Using std::basic_string instead of stlsoft::basic_simple_string costs 4-8 percent. The library will continue to use stlsoft::basic_simple_string by default and provide customizability for compilers, such as Borland, for which the opposite relation holds.
Manual pattern validation saves 1.5 percent. Because it can be implemented with relative ease in terms of Standard C functions, it will be adopted.
Using the enhanced InetSTL findfile_sequence saves up to 7 percent, so it will be used henceforth. Coupled with the fact that the new implementation also eliminates the memory allocation and the complexity of the searchspec_sequence adapter, I intend to fit this new functionality into the UNIXSTL and WinSTL components, for (local) filesystem searching. You can reasonably guestimate that this brings an additional reduction in code size of, perhaps, 3-6 percent.

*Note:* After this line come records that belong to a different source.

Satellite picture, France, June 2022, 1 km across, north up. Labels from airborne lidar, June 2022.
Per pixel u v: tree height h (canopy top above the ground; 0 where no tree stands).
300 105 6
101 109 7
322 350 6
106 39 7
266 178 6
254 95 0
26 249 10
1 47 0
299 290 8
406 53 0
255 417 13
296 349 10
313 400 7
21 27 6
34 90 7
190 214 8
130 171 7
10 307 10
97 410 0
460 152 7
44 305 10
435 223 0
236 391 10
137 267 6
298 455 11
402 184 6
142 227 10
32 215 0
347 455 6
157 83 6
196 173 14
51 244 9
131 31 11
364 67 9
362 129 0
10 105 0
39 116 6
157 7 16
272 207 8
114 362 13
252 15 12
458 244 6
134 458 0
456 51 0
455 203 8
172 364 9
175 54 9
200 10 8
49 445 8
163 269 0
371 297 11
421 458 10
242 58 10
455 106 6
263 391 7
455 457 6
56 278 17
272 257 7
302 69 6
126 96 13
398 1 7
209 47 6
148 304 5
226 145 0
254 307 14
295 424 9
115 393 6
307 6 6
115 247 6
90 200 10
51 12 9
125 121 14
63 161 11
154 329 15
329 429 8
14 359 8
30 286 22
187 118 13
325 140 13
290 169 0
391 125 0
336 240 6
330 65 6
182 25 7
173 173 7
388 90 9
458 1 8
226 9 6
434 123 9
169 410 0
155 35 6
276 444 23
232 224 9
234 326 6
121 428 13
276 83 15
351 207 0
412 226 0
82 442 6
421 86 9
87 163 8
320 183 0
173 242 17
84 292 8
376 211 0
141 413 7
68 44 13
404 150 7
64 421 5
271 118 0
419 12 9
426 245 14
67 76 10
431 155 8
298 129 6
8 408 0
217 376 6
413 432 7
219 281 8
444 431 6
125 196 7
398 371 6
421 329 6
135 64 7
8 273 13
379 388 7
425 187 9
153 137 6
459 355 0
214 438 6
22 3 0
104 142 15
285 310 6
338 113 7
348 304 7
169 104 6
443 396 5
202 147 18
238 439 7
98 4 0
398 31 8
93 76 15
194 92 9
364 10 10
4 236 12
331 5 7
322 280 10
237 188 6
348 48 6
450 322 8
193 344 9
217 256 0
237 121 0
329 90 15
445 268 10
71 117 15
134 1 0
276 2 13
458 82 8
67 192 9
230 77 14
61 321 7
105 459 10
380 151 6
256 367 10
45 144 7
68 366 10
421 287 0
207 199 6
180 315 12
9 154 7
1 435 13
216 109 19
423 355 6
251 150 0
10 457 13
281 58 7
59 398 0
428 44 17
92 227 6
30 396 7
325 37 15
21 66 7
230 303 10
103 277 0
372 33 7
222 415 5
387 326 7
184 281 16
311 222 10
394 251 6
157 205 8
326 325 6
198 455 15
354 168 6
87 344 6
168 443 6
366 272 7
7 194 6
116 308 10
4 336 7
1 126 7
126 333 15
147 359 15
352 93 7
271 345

In some senses this activity has succeeded, and in others, it has failed. Where it's failed is in bringing significant reductions in source code size. In part, this has been because the refactoring has naturally caused some parts of the software to be segregated into separate files. Each source file has nontrivial overhead, and rightly so—trimming this down to the bare minimum would mean that the source would become impenetrable. We must accept that a medium-sized library, such as recls consists of a large amount of source code, even when it compiles down to a small amount of object code.

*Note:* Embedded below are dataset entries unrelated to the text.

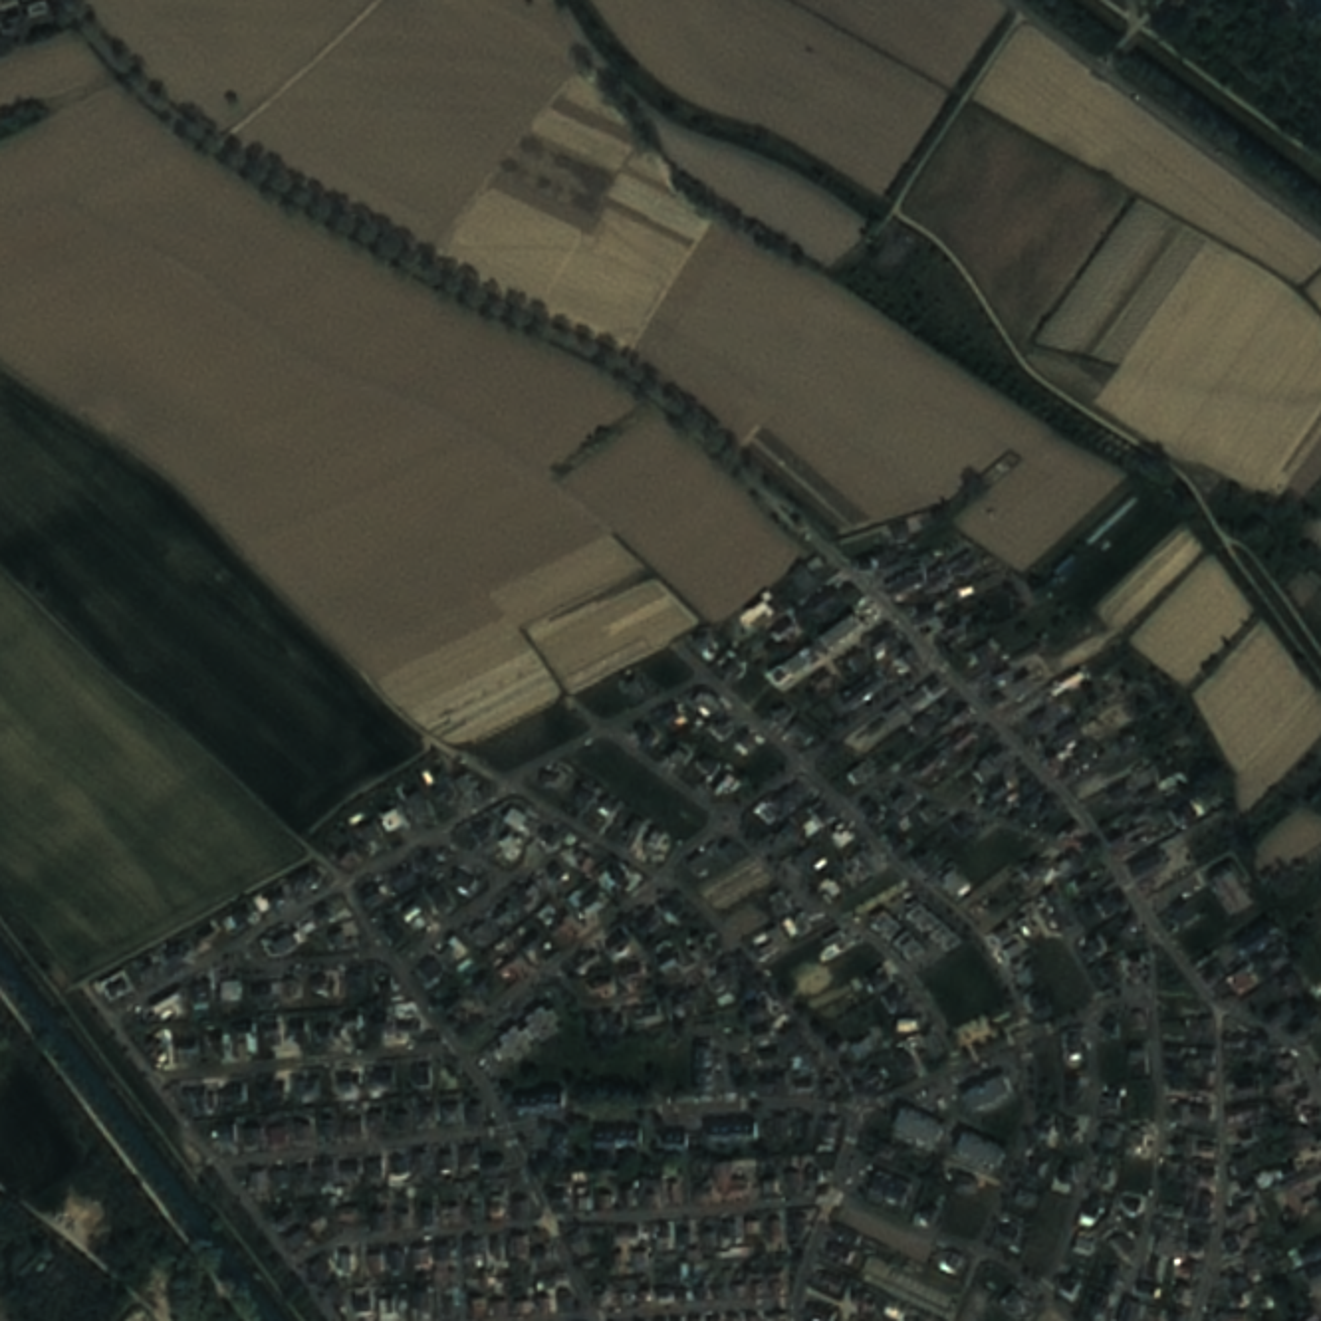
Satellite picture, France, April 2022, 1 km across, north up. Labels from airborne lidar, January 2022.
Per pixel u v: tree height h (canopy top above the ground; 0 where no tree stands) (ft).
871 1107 0
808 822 0
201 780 0
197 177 0
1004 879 0
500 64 0
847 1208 0
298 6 0
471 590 0
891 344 0
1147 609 0
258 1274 20
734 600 0
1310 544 29
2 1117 0
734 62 0
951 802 0
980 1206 0
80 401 0
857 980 0
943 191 0
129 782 0
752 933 0
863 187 0
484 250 0
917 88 0
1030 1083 0
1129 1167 0
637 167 0
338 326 0
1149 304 0
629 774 0
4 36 32
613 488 0
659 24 0
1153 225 0
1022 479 0
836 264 0
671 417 0
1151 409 0
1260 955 62
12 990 28
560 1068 0
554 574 0
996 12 0
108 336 0
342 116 0
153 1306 55
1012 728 0
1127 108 0
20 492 0
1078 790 0
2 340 0
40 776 0
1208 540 0
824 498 0
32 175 0
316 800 0
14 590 0
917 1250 0
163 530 0
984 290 0
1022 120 0
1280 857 0
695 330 0
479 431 0
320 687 0
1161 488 0
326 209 64
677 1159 35
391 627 0
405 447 0
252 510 0
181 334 0
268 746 0
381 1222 0
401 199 0
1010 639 0
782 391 0
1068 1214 0
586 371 0
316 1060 0
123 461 0
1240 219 0
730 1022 0
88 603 0
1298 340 0
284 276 0
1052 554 0
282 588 0
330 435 0
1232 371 0
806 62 0
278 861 0
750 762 0
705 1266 0
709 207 54
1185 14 67
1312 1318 0
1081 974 0
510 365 0
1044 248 0
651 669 0
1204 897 0
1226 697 0
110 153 0
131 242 0
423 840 0
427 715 0
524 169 0
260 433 0
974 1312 0
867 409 0
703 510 0
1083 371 0
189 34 0
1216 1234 0
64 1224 0
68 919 0
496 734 0
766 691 0
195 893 0
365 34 0
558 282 0
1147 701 36
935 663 0
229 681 0
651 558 0
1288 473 0
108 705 0
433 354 0
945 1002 0
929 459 0
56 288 0
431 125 0
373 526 0
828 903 0
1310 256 0
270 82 0

It is the object-code area in which I think there's been a measured degree of success. Sure, the refactoring did not result in any significant savings, but the subsequent directed attempts at reduction have identified some areas, specifically, the string tokenization and the searchspec_sequence adaptation, that have resulted in significant amounts of bloat. This is a shame because the STLSoft string_tokeniser component is easy to use and highly speed efficient, and the searchspec_sequence class, well, was a lot of work! But it goes to show that, for many compilers, optimization of complex template code does always compare with manually coding equivalent algorithms. It also shows that generalized component adapters may introduce unexpected amounts of overhead compared with making enhancements to the class(es) being adapted. Whether you choose to eschew simple, tested, reliable, and already written library components depends on factors outside the scope of this article, but it's worthwhile thinking about before you do.

Writing open-source libraries is, more than anything else, an exercise in battling hindsight. Before I did the research that constituted this installment, I was pretty sure, in light of empirical responses from recls users, that recls 2 would have to be written in C to avoid code bloat. Interestingly, now I am less sure because I've seen that, for some compilers, the entire footprint of recls within a compiled executable is no more than around 20 KB—a heartening statistic, to be sure. One thing I am certain of is that the implementation will have to take into consideration factors of code size on a component-by-component basis, to keep the sizes down.

Next Time

I'd intended to cover the recls/Python mapping—also featured in recls 1.6.1—but space and time have not been my friend. Although the Open-RJ/Python mapping was covered in the March 2005 installment, there are more lessons to be learned from the recls/Python.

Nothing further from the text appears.